David Boring
A**N
Boring: An ass-essment
"David Boring" contains a surprisingly large number of panels of naked girls with large bottoms, and so is a tad embarrasing to read while commuting to work on the train. There's also a lot of violence, including the hero with a bullet hole in the middle of his head (but he recovers (twice)).The writing is clever, and moves in directions that I didn't expect after reading "Ghost World". Act two reminded me of Agatha Christie's "Twelve Little Indians".
P**N
enjoyed
A little confused about all the women`s names but guessI`ll just have to read again. : ) Artwork was great.
S**H
Very erratic
I just got done reading this about an hour ago, so everything is still pretty fresh in my mind. The art work is fantastic, and the writing is MOSTLY pretty good. But there are these occasional spots throughout the story that just kind of come out of nowhere, it becomes very difficult to follow after a while, so I'm not sure how good I should say the writing really is. The dialogue is generally enjoyable at least, even if you're not always sure whats going on.
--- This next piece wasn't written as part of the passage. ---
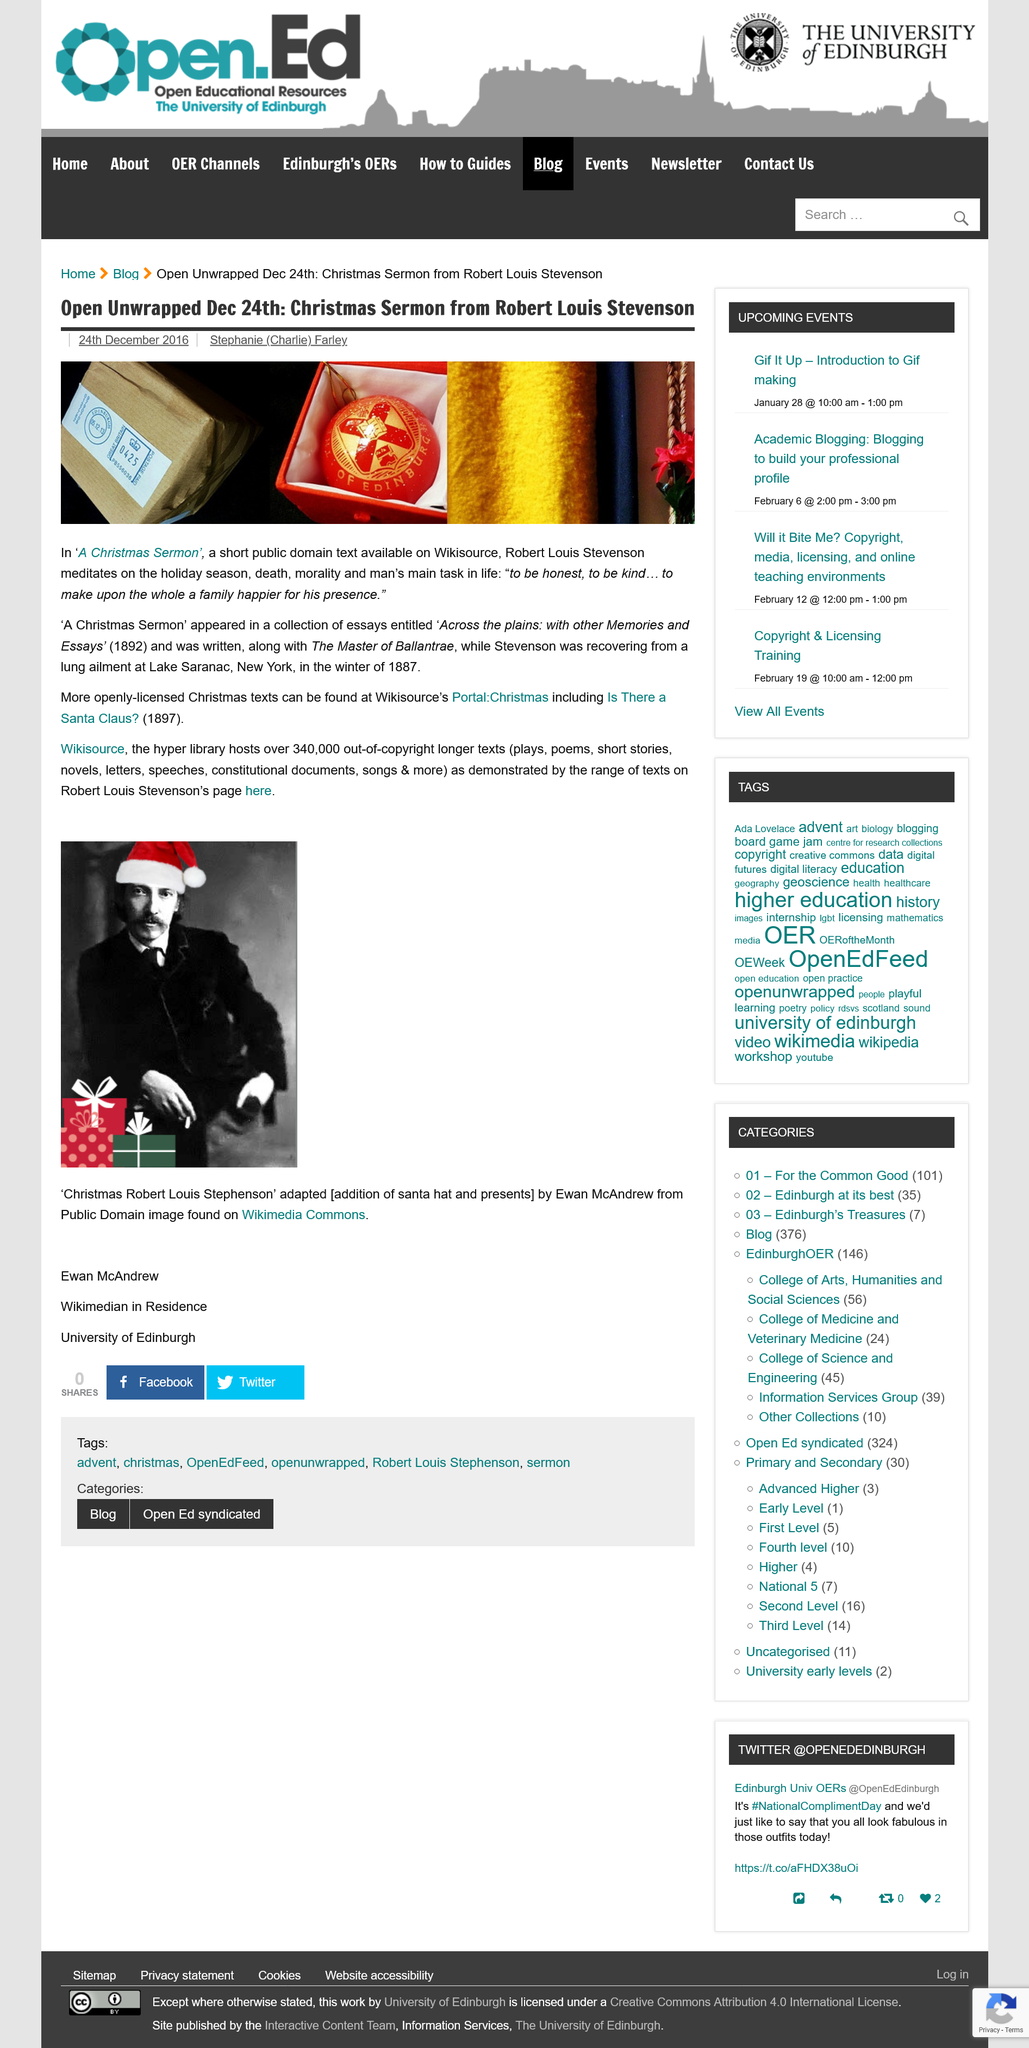Give some essential details in this illustration. Where can 'A Christmas Sermon' be found and what collection did it appear in? It is available on Wikisource and was included in the book 'Across the plains: with other Memories and Essays.' Robert Louis Stevenson wrote "A Christmas Sermon. 
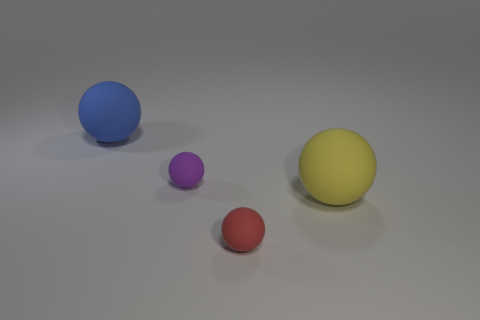Subtract all tiny purple matte balls. How many balls are left? 3 Subtract all red spheres. How many spheres are left? 3 Add 3 blue metal blocks. How many objects exist? 7 Subtract 2 balls. How many balls are left? 2 Add 4 small spheres. How many small spheres exist? 6 Subtract 1 blue balls. How many objects are left? 3 Subtract all cyan balls. Subtract all yellow blocks. How many balls are left? 4 Subtract all big yellow rubber blocks. Subtract all spheres. How many objects are left? 0 Add 3 blue objects. How many blue objects are left? 4

I would still recommend this to anyone looking for a good, non-superhero graphic novel, but you should still be aware that there quite a few instances of panels not really transitioning very well into one another, giving way to confusion in the story.
N**E
Awesome!
I return to this book again and again. I see the world fhrough Daniel Clowes's eyes whenever I go out and mingle with the public. This story will haunt you.
K**S
"It's like Fassbinder meets half-baked Nabokov on Gilligan's Island." *
If you like Robbe-Grillet or David Lynch, you'll like David Boring. Surrealism isn't my cup of tea, and so I found myself alternately put off and bored by the book. But I can appreciate the thought that went into planning its seeming disjointedness.There's no plot to speak of, and what storyline there is is one that seems a parody of hardboiled detective stories. Panels abruptly break into different narrative threads. Interpolations that make no sense whatsoever interject themselves. The "Yellow Streak" comic/missing father subtheme is baffling. There are tons of nonsequitors: Wanda's disappearance in a sexual/religious cult; Manfred's running off with David's mother; Mrs. Capin's seduction of David; the affair with Naomi; the abrupt termination of Dot's lesbian affair; and the never-developed hints at apocalyptic disaster. Temporal sequence seems unimportant, chance encounters carry mysterious weight, characters appear and vanish with magical realism fluidity. Sometimes it's intriguing, sometimes perplexing, sometimes quite tiresome. And the woodenness of the drawing--again deliberate, one suspects--only adds to the surreality of the story. Facial expressions seem frozen, bodies pre-pubescent. Even in the love-making scenes, the characters look like store front mannikins. (And what's up with all the socks? Can Clowes not draw feet?)Is there a point here? The absurdity of existence? The deep and futile human longing for love? creative expression (David is a failed screenwriter)? deep meaning? Is David a kind of Camusean l'etranger, unable to connect with anyone on a deep emotional level? Or in fact is there no message at all to "David Boring"? Is the negative reviewer who said that the book seemed to have been dreamt up panel by panel as Daniel Clowes proceeded on the money? I don't want to think this is how the book was actually written, but ultimately it's so artificially mysterious that it might as well have been._______________* Clowes' own description of his novel.
R**Y
Ghost World on acid
Welcome to the Clowes mind: you'll be pleased and appalled to see how closely it resembles yours.
C**S
Five Stars
I loved this. Sad that it was over, but looking to read other installments of Eightball........
M**3
This is not 'surrealism', it's just plain bad...
This was bad. Really bad. I thoroughly enjoyed 'Ghost World' by Daniel Clowes so decided to give David Boring a try, but was hugely disappointed. The book is a rambling and incoherent juxtaposition of multiple vignettes that are lazily thrown together by the author in a world in which anything can happen without any plausibility or rational explanations (that's one way to come up with a story, I suppose, it sure makes things easy for the author!). There's no overarching theme, sense of atmosphere, mood, or emotion etc. I feel like the author was making this up as he went along without any effort put into the experience of the reader. I think to call this Lynchian or surrealist is going out on an awfully big limb. If Clowes was actually trying to tell a story you could be harsh by calling this a terrible execution, but I don't think he was even putting in that much effort to begin with.